The Bucks Stop Here -

The Bucks Stop Here


by Lindsey Vereen

What do cotter pins and cross-compilers have in common? More than you might think. But before I elaborate, consider the long love-hate relationship between software and hardware companies. Software is expensive to develop and maintain and it doesn’t generate the revenues that silicon or systems do. It has been axiomatic that you use software to sell hardware. Systems companies have long been known to give software away to entice customers to buy hardware.
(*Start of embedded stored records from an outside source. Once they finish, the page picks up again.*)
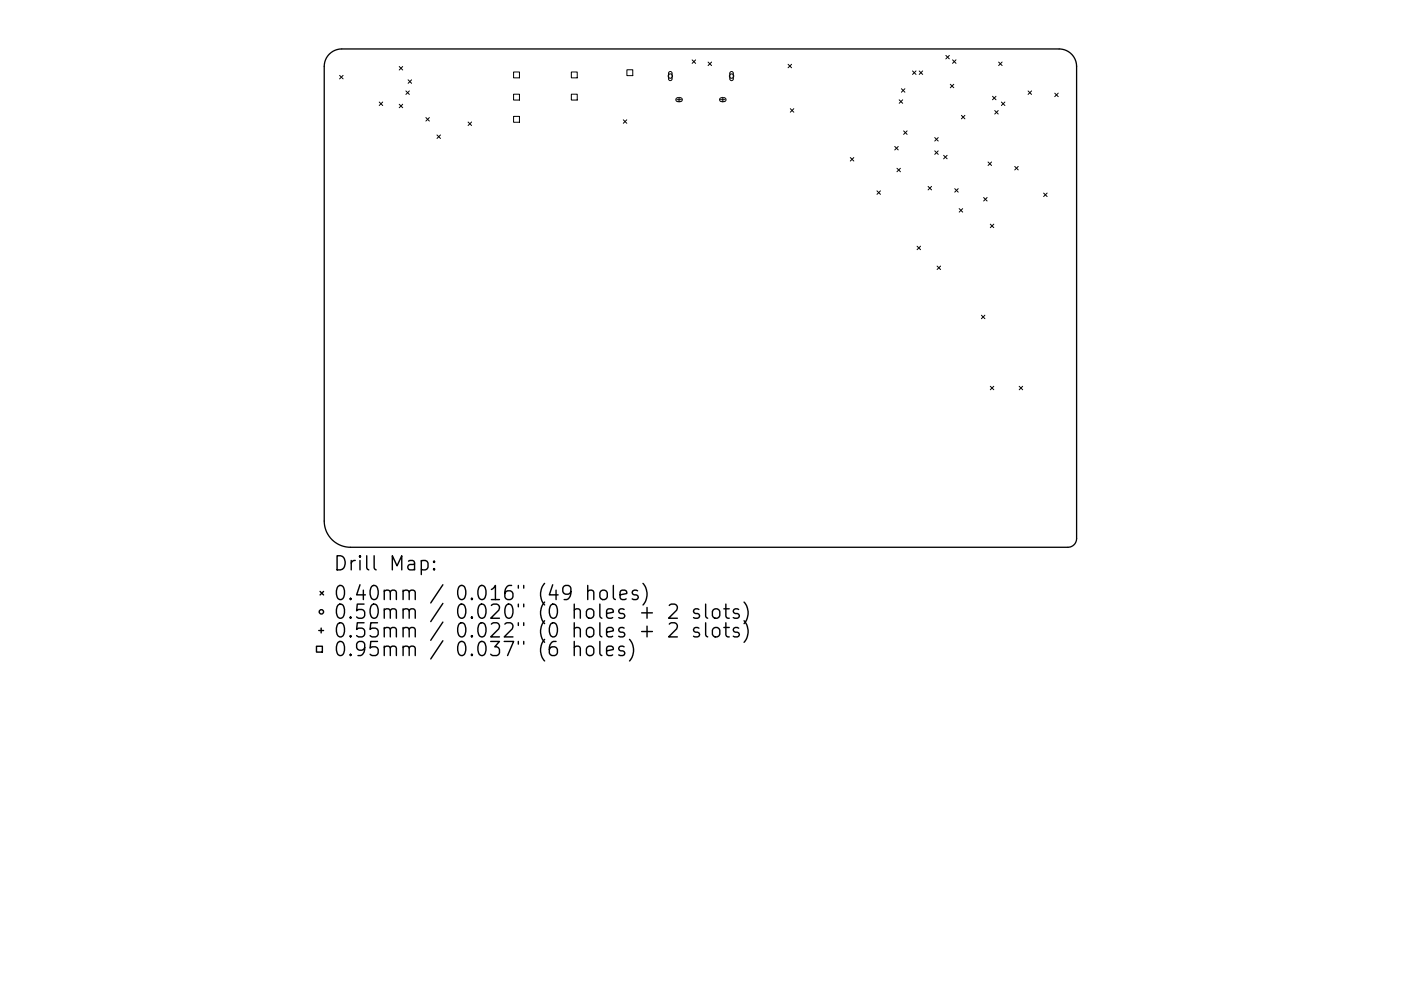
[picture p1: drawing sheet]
<svg xmlns="http://www.w3.org/2000/svg" width="297mm" height="210mm" viewBox="0 0 297 210" stroke-linecap="round" stroke-linejoin="round" font-family="sans-serif">
<defs><g id="words">
<g font-size="4.2">
<text x="70.6" y="121.1">Drill Map:</text>
<text x="70.6" y="127.4">0.40mm / 0.016&quot; (49 holes)</text>
<text x="70.6" y="131.3">0.50mm / 0.020&quot; (0 holes + 2 slots)</text>
<text x="70.6" y="135.3">0.55mm / 0.022&quot; (0 holes + 2 slots)</text>
<text x="70.6" y="139.2">0.95mm / 0.037&quot; (6 holes)</text>
</g>
</g></defs>
<path d="M69.8 11.5a3.7 3.7 0 0 1 2.7-1.1h152a3.7 3.7 0 0 1 3.8 3.7v100.2a1.85 1.85 0 0 1-1.9 1.8h-152.1a5.6 5.6 0 0 1-5.6-5.6v-96.4a3.7 3.7 0 0 1 1.1-2.6z" fill="none" stroke="#000" stroke-width=".28"/>
<g fill="none" stroke="#000" stroke-width=".21">
<path d="M72 16l.7 .7M72.7 16l-.7 .7M84.6 14.1l.8 .8M85.4 14.1l-.8 .8M86.1 19.3l.7 .7M86.5 16.9l.8 .8M86.8 19.3l-.7 .7M87.3 16.9l-.8 .8M108.9 15.3h1.2v1.2h-1.2zM108.9 20h1.2v1.2h-1.2zM121.1 15.3h1.3v1.2h-1.3zM121.1 20h1.3v1.2h-1.3z"/>
<path d="M132.9 14.8h1.3v1.2h-1.3zM141.9 15.3l.3-.1 .3 .3v1.3l-.3 .3-.3-.1-.1-.2zM146.7 12.7l.8 .7M147.5 12.7l-.8 .7M150.1 13.2l.8 .7M150.9 13.2l-.8 .7M154.8 15.3l.4-.1 .3 .3v1.3l-.3 .3-.3-.1-.2-.2zM167.1 13.6l.7 .8M167.8 13.6l-.7 .8M191.1 18.8l.8 .8M191.9 18.8l-.8 .8M193.5 15.1l.7 .7"/>
<path d="M194.2 15.1l-.7 .7M194.9 15.1l.7 .7M195.6 15.1l-.7 .7M200.5 11.8l.8 .7M201.3 11.8l-.8 .7M201.5 17.9l.7 .7M202 12.7l.7 .7M202.2 17.9l-.7 .7M202.7 12.7l-.7 .7M211.7 13.2l.8 .7M212.5 13.2l-.8 .7M218 19.3l.7 .7"/>
<path d="M218.7 19.3l-.7 .7M223.6 19.8l.8 .7M224.4 19.8l-.8 .7M80.4 21.6l.7 .8M81.1 21.6l-.7 .8M84.6 22.1l.8 .8M85.4 22.1l-.8 .8M90.3 24.9l.7 .8M91 24.9l-.7 .8M92.6 28.6l.8 .8M93.4 28.6l-.8 .8M99.2 25.9l.8 .7"/>
<path d="M100 25.9l-.8 .7M108.9 24.7h1.2v1.2h-1.2zM132.2 25.4l.7 .8M132.9 25.4l-.7 .8M143.4 20.9l1-.1 .2 .2v.3l-.2 .2h-.8l-.3-.3zM143.5 21.1h1M144 20.6v1.1M152.7 20.9l1-.1 .2 .2v.3l-.3 .2h-.8l-.2-.2zM152.7 21.1h1.1M153.2 20.6v1.1M167.6 23.1l.7 .7M168.3 23.1l-.7 .7"/>
<path d="M180.3 33.4l.7 .8M181 33.4l-.7 .8M189.7 31.1l.7 .7M190.2 35.7l.7 .7M190.4 31.1l-.7 .7M190.6 21.2l.8 .7M190.9 35.7l-.7 .7M191.4 21.2l-.8 .7M191.6 27.8l.7 .7M192.3 27.8l-.7 .7M196.8 39.6l.7 .7M197.5 39.6l-.7 .7"/>
<path d="M198.2 29.2l.7 .7M198.2 32l.7 .8M198.9 29.2l-.7 .7M198.9 32l-.7 .8M200.1 33l.7 .7M200.8 33l-.7 .7M203.8 24.5l.8 .7M204.6 24.5l-.8 .7M209.5 34.4l.7 .7M210.2 34.4l-.7 .7M210.4 20.4l.8 .8M210.9 23.5l.7 .7"/>
<path d="M211.2 20.4l-.8 .8M211.6 23.5l-.7 .7M212.3 21.6l.8 .8M213.1 21.6l-.8 .8M215.1 35.3l.8 .8M215.9 35.3l-.8 .8M185.9 40.5l.8 .7M186.7 40.5l-.8 .7M194.4 52.2l.8 .8M195.2 52.2l-.8 .8M198.7 56.4l.7 .8M199.4 56.4l-.7 .8"/>
<path d="M202.4 40l.8 .8M203.2 40l-.8 .8M203.4 44.3l.7 .7M204.1 44.3l-.7 .7M208.5 41.9l.8 .7M209.3 41.9l-.8 .7M210 47.6l.7 .7M210.7 47.6l-.7 .7M221.3 41l.7 .7M222 41l-.7 .7M208.1 66.9l.7 .7M208.8 66.9l-.7 .7"/>
<path d="M210 82l.7 .7M210.7 82l-.7 .7M216.1 82l.7 .7M216.8 82l-.7 .7"/>
<circle cx="142.1" cy="16.1" r=".46"/>
<circle cx="155.1" cy="16.1" r=".46"/>
</g>
<g fill="none" stroke="#000" stroke-width=".3">
<path d="M89.3 119.1l.9-.2 .6 .6v.8l-.3 .5-.3 .1-.9-.1M92 119.1l.2 .1-.2 .1-.1-.1 .1-.1v.2M67.1 137.1h1.2v1.3h-1.2zM67.6 133.8h1M67.9 125.5l.7 .7M68.1 133.3v1M68.6 125.5l-.7 .7M92 120.6l.2 .2-.2 .1-.1-.1 .1-.2v.3M121.8 137.4a.75 .75 0 0 1 1.2 .1v1.6M121.8 136.1v3M124.6 125.5a.74 .74 0 0 1 1.3 .1v1.6M124.6 137.2a.81 .81 0 0 1 1.3 .5v.8a.81 .81 0 0 1-.8 .6 .81 .81 0 0 1-.8-.6v-.8z"/>
<path d="M124.6 124.2v3M127.2 136.1v2.6l.4 .4M127.5 125.4a.81 .81 0 0 1 1.3 .4v.8a.81 .81 0 0 1-.8 .6 .81 .81 0 0 1-.8-.6v-.8zM128.6 138.1l1.4-.3-.1-.6-.9-.1-.4 .4v1.2l.2 .2 .2 .2 .9-.2M130 124.2v2.6l.5 .4M131.5 126.2l1.4-.3-.1-.5-.9-.2-.4 .4v1.2l.1 .3 .3 .1 .9-.1M132.3 137.2l-.7-.1-.4 .4 .1 .4 1 .3 .2 .3-.2 .4-.3 .2-.8-.2M133.5 135.7a3.4 3.4 0 0 1 0 4.5M135.2 125.4l-.7-.2-.5 .4 .2 .5 1 .3 .1 .2-.1 .5-.3 .1-.9-.1M136 130h2.3M136 134h2.3M136.3 123.8a3.4 3.4 0 0 1 0 4.6"/>
<path d="M137.2 128.9v2.3M137.2 132.8v2.3M141.9 128.5l.4-.3h.7a.81 .81 0 0 1 .5 1.3l-1.7 1.7h1.8M141.9 132.4l.4-.3h.7a.81 .81 0 0 1 .5 1.3l-1.7 1.7h1.8M148.2 129.3l-.7-.1-.5 .4 .2 .4 1 .3 .1 .3-.1 .4-.3 .2-.9-.2M148.2 133.3l-.7-.2-.5 .5 .2 .4 1 .3 .1 .3-.1 .4-.3 .1-.9-.1M149.6 128.2v2.5l.4 .5M149.6 132.1v2.6l.4 .4M151.2 133.4a.81 .81 0 0 1 .8-.3 .81 .81 0 0 1 .6 .6v.9a.81 .81 0 0 1-.8 .6 .81 .81 0 0 1-.8-.6v-.9zM151.3 129.3a.81 .81 0 0 1 1.3 .4v.9a.81 .81 0 0 1-.8 .6 .81 .81 0 0 1-.8-.6v-.9zM153.5 129.2h1.1M153.5 133.1h1.1"/>
<path d="M153.9 128.2v2.5l.1 .3 .6 .2M153.9 132.1v2.6l.1 .3 .6 .1M156.6 129.3l-.7-.1-.4 .4 .1 .4 1 .3 .2 .3-.2 .4-.3 .2-.8-.2M156.6 133.3l-.7-.2-.4 .5 .1 .4 1 .3 .2 .3-.2 .4-.3 .1-.8-.1M157.8 127.7a3.4 3.4 0 0 1 0 4.6M157.8 131.7a3.4 3.4 0 0 1 0 4.6"/>
<circle cx="68.1" cy="129.8" r=".46"/>
</g>
<use href="#words"/>
</svg>

In the semiconductor industry, tools have been a means to sell silicon, but semiconductor vendors have never embraced tools enthusiastically as a part of their business. Often as not, they divest themselves of the tools business as soon as they can, figuring rightly that while they can turn silicon into gold, tools are as lucrative as lead. On the hardware design side, companies like Cadence Design and Avant! have thrived selling tools to chip companies, tools that 15 years ago many chip companies developed internally.

Software development tools have had a similar history. Chip companies introducing a new architecture have wanted the tools in place and have developed the tools themselves. But ultimately, they’d like it if third-party vendors took care of the tools. At the same time, tools are getting even more important, and they can play a competitive role in the semiconductor business.

Which brings us back to those cotter pins. Let’s say you wanted to start a new automobile company. You design your neo-Delorean, contract out to a lot of suppliers for parts, rent an assembly plant, and you’re in business. But the existing automobile companies don’t relish your intrusion into their market. So they corner the market for, say, cotter pins. You go ahead and build your automobiles, but with no cotter pins, you can’t keep the wheels from falling off. Ergo, you can’t move your product, in any sense of the word, and you’re out of business.

Think of tool companies as the cotter pins of the semiconductor industry. Without tools, chip companies can’t sell processors. So it’s probably no surprise that chip companies have gone on a binge lately of buying critical software companies. TI bought Tartan and Go DSP a couple of years ago. More recently they acquired Telogy. Not to be outdone, Motorola has announced it’s buying Metrowerks. If this acquisition is successful, do you think that Metrowerks will continue to support other architectures besides Motorola?

TI paid $435 million for Telogy, and Motorola is offering $95 million for Metrowerks. These are attractive numbers, to say the least. But even if semiconductor companies buy up the good tool companies and lock them in to their own architectures, that won’t be the end of the story. If someone buys up all the cotter pins, someone else is liable to open a cotter pin shop. The tool business has been nothing if not dynamic. It’s never long before entrepreneurs sniff out potential markets. And what greater incentive could there be than knowing that if they’re successful, some big chip company might snatch them up?